[Excerpts from a dataset]
|---|

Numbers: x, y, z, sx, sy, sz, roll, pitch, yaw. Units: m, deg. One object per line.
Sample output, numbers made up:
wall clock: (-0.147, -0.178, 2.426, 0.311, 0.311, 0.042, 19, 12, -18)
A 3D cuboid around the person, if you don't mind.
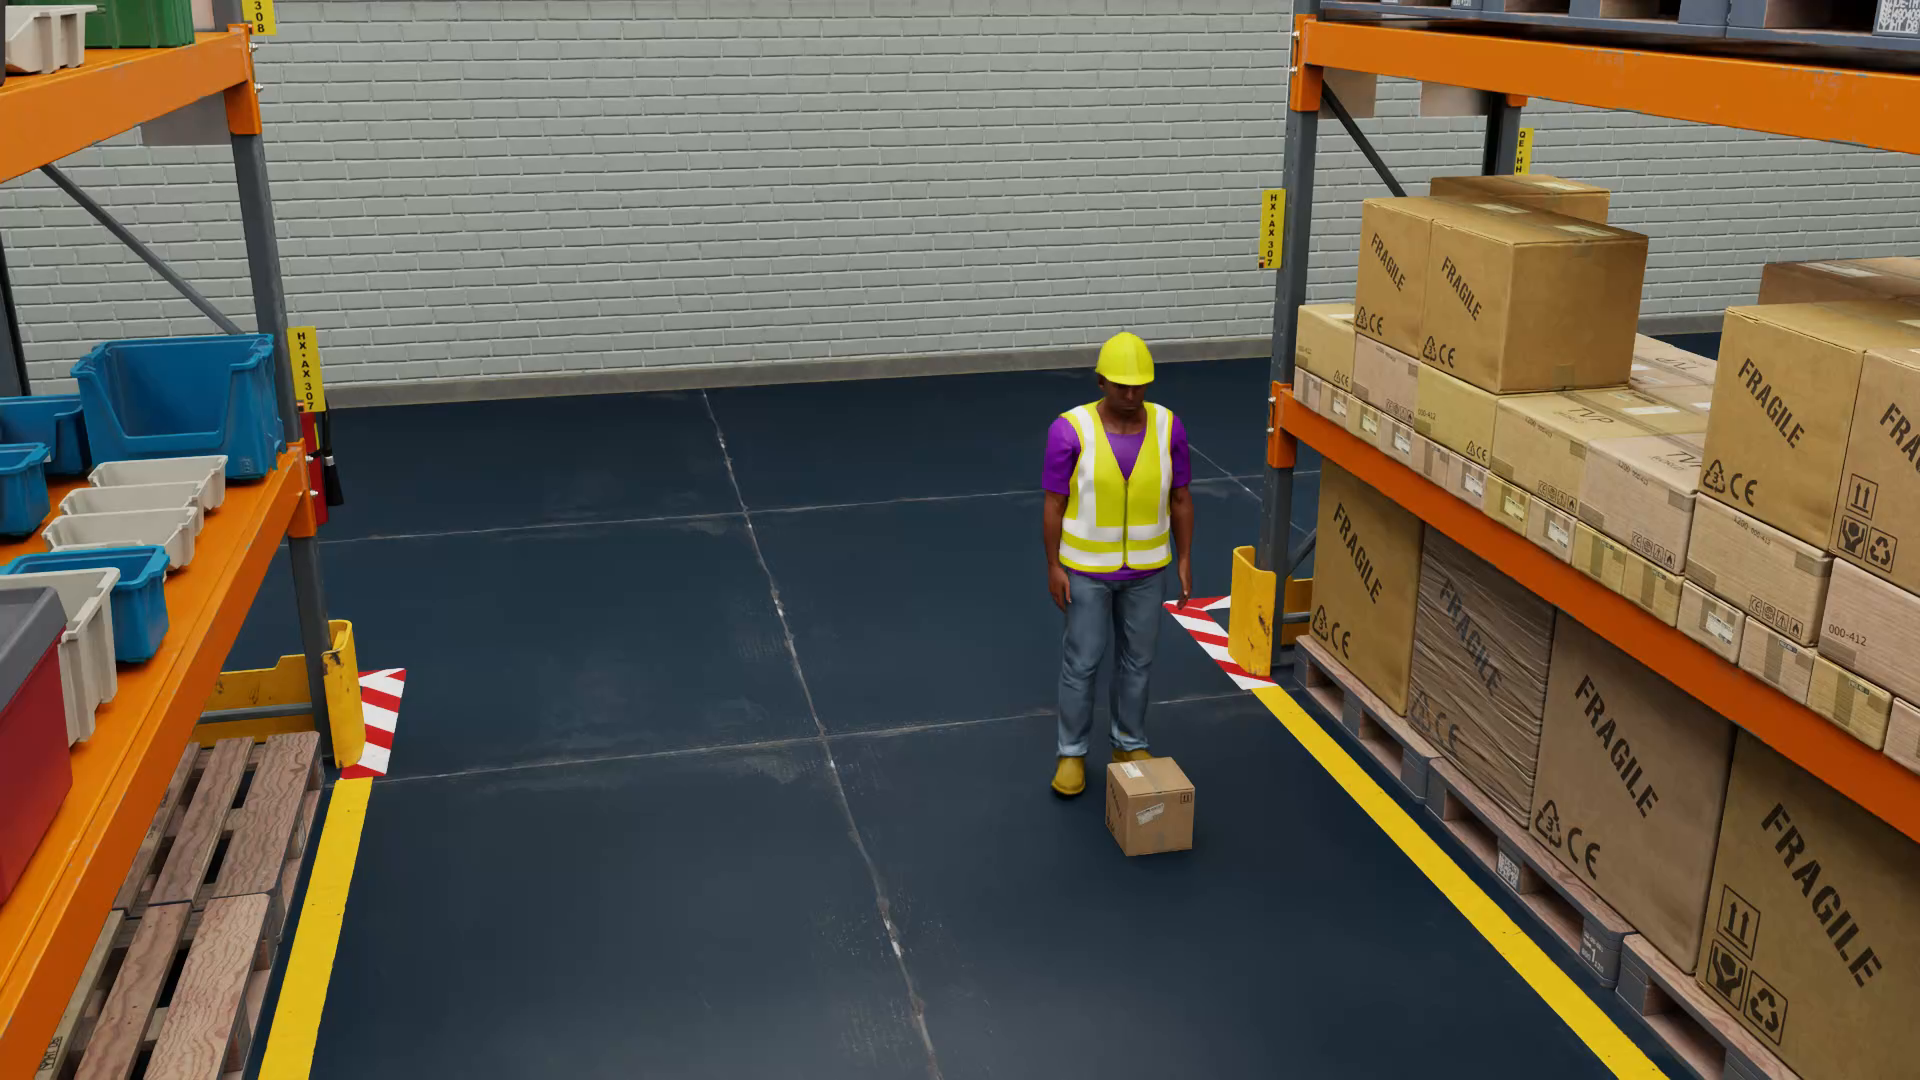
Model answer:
person: (0.597, 0.093, 6.259, 0.576, 1.770, 0.355, -4, 20, -10)

|---|

_Problem requirements_
Transcribe every line in the entries above, taking out only the images.

_Exercise answer_
Numbers: x, y, z, sx, sy, sz, roll, pitch, yaw. Units: m, deg. One object per line.
Sample output, numbers made up:
wall clock: (-0.147, -0.178, 2.426, 0.311, 0.311, 0.042, 19, 12, -18)
A 3D cuboid around the person, if you don't mind.
Model answer:
person: (0.597, 0.093, 6.259, 0.576, 1.770, 0.355, -4, 20, -10)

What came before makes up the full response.